St Albans' Own East End

R & H Turnpike

 

Volume 1 of St Albans’ Own East End detailed the location of the mile markers along the eastern arm of the Reading and Hatfield Turnpike, from the former Old Fiddle PH to St Albans.  All of the markers, five in total, still line the road at Ellenbrook, 1 mile from the (former) Old Fiddle PH; at Popefield Farm, near Colney Heath Lane, Oaklands; at Fleetville; and near the Peacock PH. Between the Peacock and the Duke of Marlborough PH the road was maintained by the town, and so no tolls were payable. However, this is not a page about the toll points.


Although stated that the markers all remain in position. That is not strictly true, for the Fleetville marker was fixed at roughly halfway along Bycullah Terrace, between Woodstock Road south and Arthur Road. According to the 1898 OS map and the 1912 reprint (based on the 1898) the marker was still here, sited in front of one of the Bycullah shops. Surveys undertaken in 1924 and 1937 do not show the marker anywhere; however at some point after WW2 the marker was found and replaced a little further along the road on the corner of Royal Road and the recreation ground.

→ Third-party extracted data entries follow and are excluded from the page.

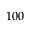Convert formula to latex. <formula><loc_0><loc_0><loc_500><loc_500>1 0 0</formula> 
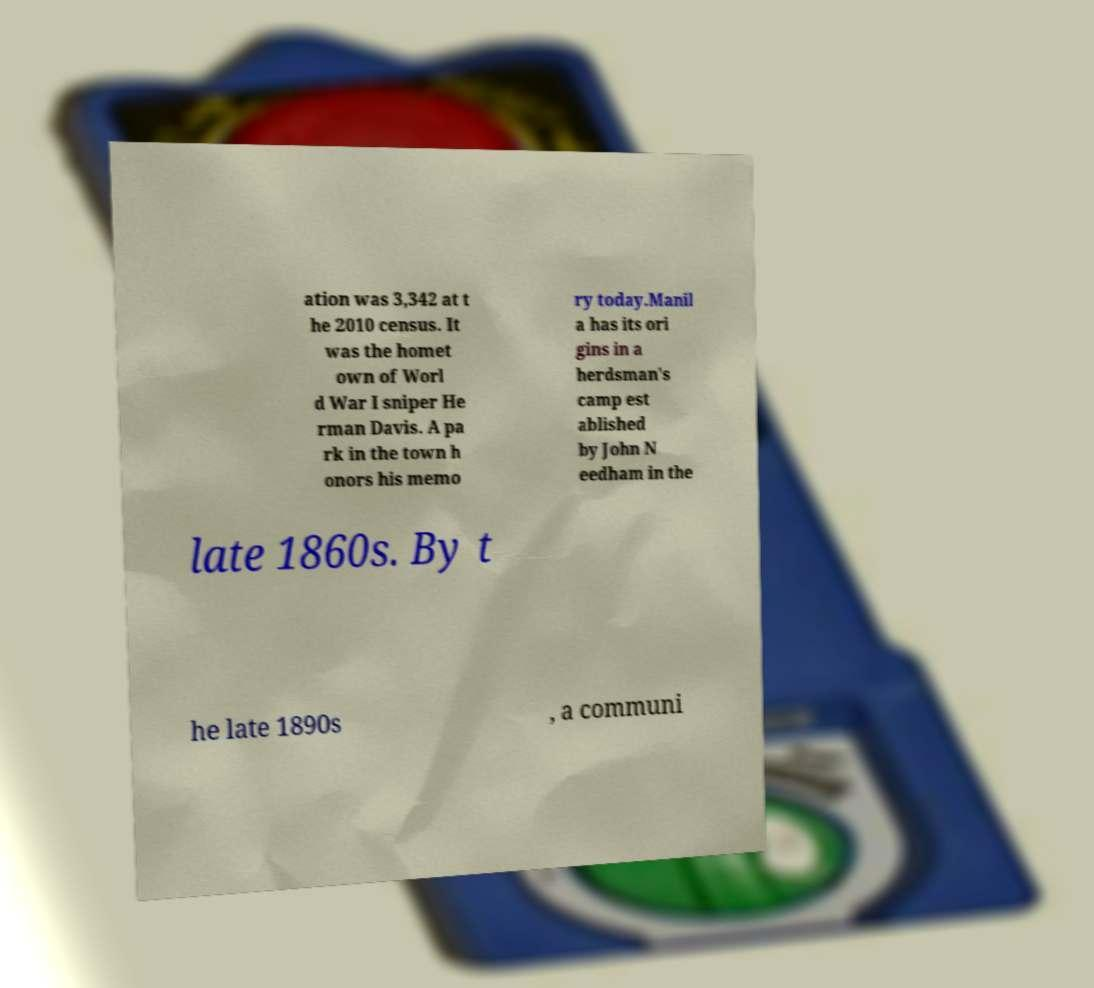Could you assist in decoding the text presented in this image and type it out clearly? ation was 3,342 at t he 2010 census. It was the homet own of Worl d War I sniper He rman Davis. A pa rk in the town h onors his memo ry today.Manil a has its ori gins in a herdsman's camp est ablished by John N eedham in the late 1860s. By t he late 1890s , a communi 
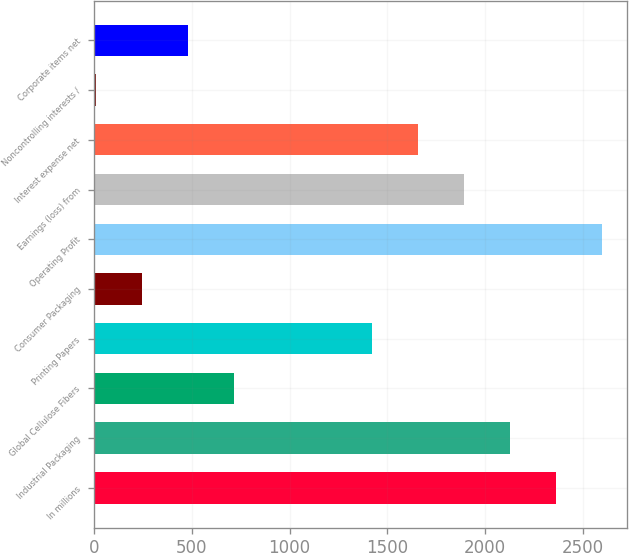Convert chart to OTSL. <chart><loc_0><loc_0><loc_500><loc_500><bar_chart><fcel>In millions<fcel>Industrial Packaging<fcel>Global Cellulose Fibers<fcel>Printing Papers<fcel>Consumer Packaging<fcel>Operating Profit<fcel>Earnings (loss) from<fcel>Interest expense net<fcel>Noncontrolling interests /<fcel>Corporate items net<nl><fcel>2361<fcel>2125.7<fcel>713.9<fcel>1419.8<fcel>243.3<fcel>2596.3<fcel>1890.4<fcel>1655.1<fcel>8<fcel>478.6<nl></chart>

In spite of building development along the line of the road the Fleetville and Peacock markers have survived building operations. By contrast, only one of the markers between St Albans and Watford remains.


So, let us deal first with this solitary remaining marker, which is sited in St Stephen’s Hill, one mile from the Peacock PH. All of those east of St Albans are on the north side of the road. It is clear from the distance information that either the St Stephen’s Hill marker was originally on the west side (equivalent to north above, since the road turns through a right angle at the junction of Hatfield Road and St Peter’s Street), or at least it was intended to be installed on the west side. The earliest OS map available which shows mile posts or stones, was published in 1883, from surveys probably made one or two years previously. This would mean the survey roughly at the time the Turnpike was taken over by the Highways Board. The map shows that the marker was on the east side of the road then, as now. It must therefore be assumed that it had always been on that side of the road. But when the information is inspected, the face on the St Albans’ side announces that it is 1 mile to St Albans. The face on the Watford side states a distance of 7 miles to Watford and 44 to Reading.

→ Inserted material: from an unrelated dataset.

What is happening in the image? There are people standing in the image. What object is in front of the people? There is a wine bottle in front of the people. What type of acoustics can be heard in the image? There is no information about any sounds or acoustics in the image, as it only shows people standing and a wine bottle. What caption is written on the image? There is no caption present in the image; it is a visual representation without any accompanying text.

If the marker had been intended for this side of the road the information on the two faces would have been reversed. Looking across to the west side it is clear that placing the marker there would have been difficult, given the cliff-like embankment on that side. As we shall see shortly, other markers between St Albans and Watford were also on the east side. Since they no longer exist we can only speculate whether they, too, had reversed details. If so, we must probably assume that the Turnpike Trust intended that all of the markers would be placed on the nearside (left) for travellers from Reading. The road was always known as the Reading and Hatfield, not the Hatfield and Reading Turnpike; the main Trust Office was in Reading and the markers were all cast in that town. While the reason for mis-location in St Stephen’s Hill is explainable, all of the others were on reasonably level ground. It is possible that a difference of opinion with the riparian land owner on the west side may have resulted in placement on the opposite side of the road in certain circumstances. But by then the markers, with their distance information, had already been cast.


All of these markers are identified in Heritage England's National List as Grade 2 structures.


























At some point the trustees of the Reading & Hatfield Turnpike signposted the Hatfield & Ware Turpike from Ellenbrook (see photo top right).  The Amwell mile post is a short way up the hill north of Amwell roundabout.


Cassiobury (Park Road)  mile post position

Waterdale mile post position

Lye Lane mile post position

Tippendell mile post position

St Stephen's Hill mile post

Fleetville mile post

Oaklands mile post

Popefield mile post

Ellenbrook mile post

Callowland North Watford (Salisbury Road) mile post position

Lea Farm (Garston Fire Station) mile post position

Horseshoe Lane mile post position

We now return to the question raised at the start of this discourse: why have all the markers east of St Albans survived, yet all of those south of St Stephen’s Hill disappeared? Was it a policy of St Peter’s Parish and St Albans City council to retain their markers? St Stephen’s Hill was within the city, but beyond there was the responsibility of St Stephen’s parish, St Albans Rural, Watford Rural and Watford Town (Borough) Council. Interestingly, the three Watford markers, Lea Farm, Callowland and Cassiobury, all disappeared a lot earlier than those between the Horseshoes and Tippendell Lane.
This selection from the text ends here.